** The data follows **

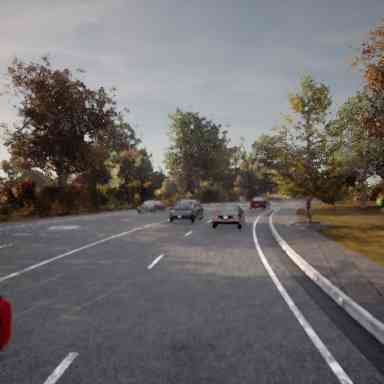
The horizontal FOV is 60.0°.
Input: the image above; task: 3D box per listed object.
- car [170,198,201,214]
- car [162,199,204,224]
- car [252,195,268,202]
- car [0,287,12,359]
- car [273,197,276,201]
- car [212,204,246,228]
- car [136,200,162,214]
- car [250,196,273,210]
[{"bbox_3d":[-0.675,1.538,37.490,1.882,1.535,5.008,-1,0,19],"label":"car"},{"bbox_3d":[-0.332,1.499,25.230,2.128,1.511,4.902,-1,0,13],"label":"car"},{"bbox_3d":[15.265,1.502,74.749,1.994,1.385,4.181,-2,-1,37],"label":"car"},{"bbox_3d":[-3.297,1.215,1.663,2.150,2.045,5.566,0,0,1],"label":"car"},{"bbox_3d":[18.618,1.040,73.388,2.097,1.767,4.553,-2,-1,37],"label":"car"},{"bbox_3d":[2.481,1.526,21.928,2.033,1.411,5.357,-1,0,12],"label":"car"},{"bbox_3d":[-4.480,1.638,37.147,1.812,1.442,4.674,-1,0,18],"label":"car"},{"bbox_3d":[8.602,1.396,41.867,1.882,1.535,5.008,-1,0,22],"label":"car"}]
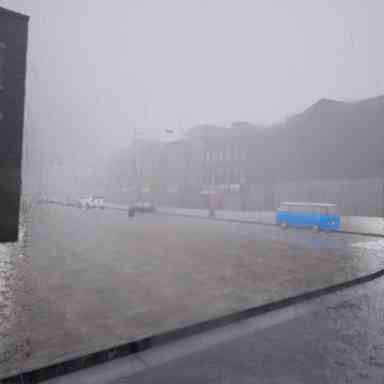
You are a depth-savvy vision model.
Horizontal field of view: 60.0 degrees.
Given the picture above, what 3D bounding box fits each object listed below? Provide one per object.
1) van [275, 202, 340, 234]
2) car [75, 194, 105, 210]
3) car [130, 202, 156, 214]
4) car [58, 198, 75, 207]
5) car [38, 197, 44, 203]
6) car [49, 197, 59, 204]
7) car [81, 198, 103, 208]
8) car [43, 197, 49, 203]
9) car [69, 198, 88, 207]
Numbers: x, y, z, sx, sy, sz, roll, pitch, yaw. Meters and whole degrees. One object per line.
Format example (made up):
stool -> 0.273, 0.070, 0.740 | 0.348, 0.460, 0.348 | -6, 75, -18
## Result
van -> 6.990, 1.542, 20.434 | 1.690, 1.788, 3.998 | 3, -2, -35
car -> -13.464, 1.344, 44.768 | 2.150, 2.045, 5.566 | 3, -2, -35
car -> -5.684, 1.794, 38.255 | 1.802, 1.307, 4.206 | 3, -2, -35
car -> -19.170, 1.747, 52.687 | 1.895, 1.301, 4.718 | 3, -2, -35
car -> -34.181, 1.821, 78.365 | 1.967, 1.590, 4.097 | 3, -2, -35
car -> -27.948, 1.854, 69.589 | 1.752, 1.417, 4.829 | 3, -2, -35
car -> -16.321, 1.747, 53.887 | 1.882, 1.535, 5.008 | 3, -2, -35
car -> -31.019, 1.935, 73.906 | 1.802, 1.307, 4.206 | 3, -2, -35
car -> -20.370, 1.819, 59.597 | 1.812, 1.442, 4.674 | 3, -2, -35

** End of The data **

Every line of the records that includes the word "object" should be gathered.

■ **Solved exercise**
Input: the image above; task: 3D box per listed object.
Given the picture above, what 3D bounding box fits each object listed below? Provide one per object.
Numbers: x, y, z, sx, sy, sz, roll, pitch, yaw. Meters and whole degrees. One object per line.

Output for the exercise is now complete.